Insufficient data means that the scale of resistance in Cambodia remains unclear and a new effort of surveillance by the authorities seems necessary. A ten-year study conducted at Angkor Children's Hospital in Siem Reap, conducted from 2007 to 2016 and published in May, revealed that 82% of the samples of E. Coli and K. pneumonia collected at the hospital are resistant to several drugs.

The Pasteur Institute of Cambodia also sounded the alarm, noting in a recent statement that it detected alarming levels of resistance from several types of bacteria.

Over a four-year period beginning in 2012, it was found that the frequency of Enterobacteriaceae producing extended-spectrum beta-lactamases that yield bacteria resistant to many types of antibiotics increased from 23.8% to 38%. 4% in the analyzed samples. Surprisingly, 80% of pregnant women and 42% of infants tested by the Institute had ESBL-producing enterobacteria, compared with less than 5% in Europe.

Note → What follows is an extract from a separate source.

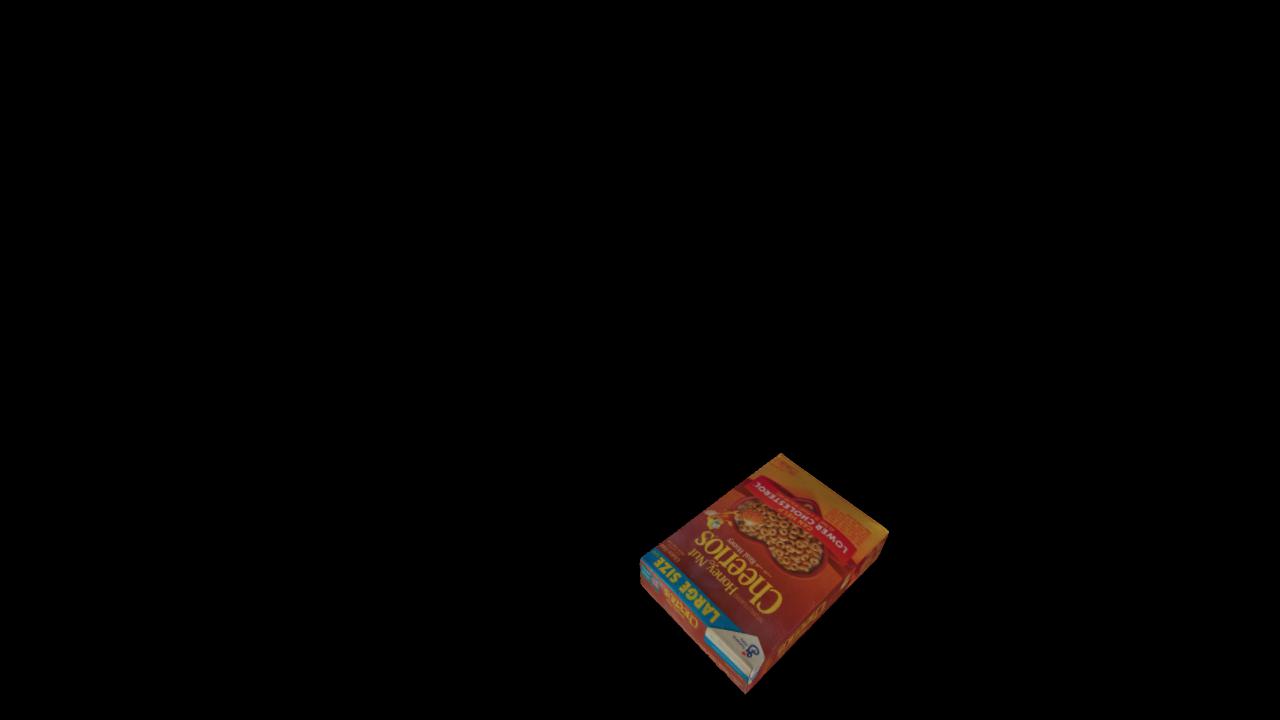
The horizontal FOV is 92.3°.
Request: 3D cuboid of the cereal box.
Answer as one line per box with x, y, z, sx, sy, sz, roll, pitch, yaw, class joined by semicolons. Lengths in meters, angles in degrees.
0.177;0.282;0.873;0.306;0.081;0.203;-27;47;-32;cereal box

"... The increase of these resistant bacteria can lead to a therapeutic impasse ..." Alexandra Kerleguer, a biologist at the Institut Pasteur, said in a statement. The biologist adds that when she first arrived in Phnom Penh, she was shocked to see how much more severe antimicrobial resistance was in Cambodia than in her country of origin, France.

Necessary information

All studies on antibiotic resistance in Cambodia have highlighted the urgent need for a comprehensive surveillance system at the national level. But its start is slow. Although the program has been in existence for years, Cambodia began collecting data only in January 2018. There are still only eight hospitals in the country with the necessary facilities to carry out the tests necessary to detect resilient bacteria, highlighting the magnitude of the challenge.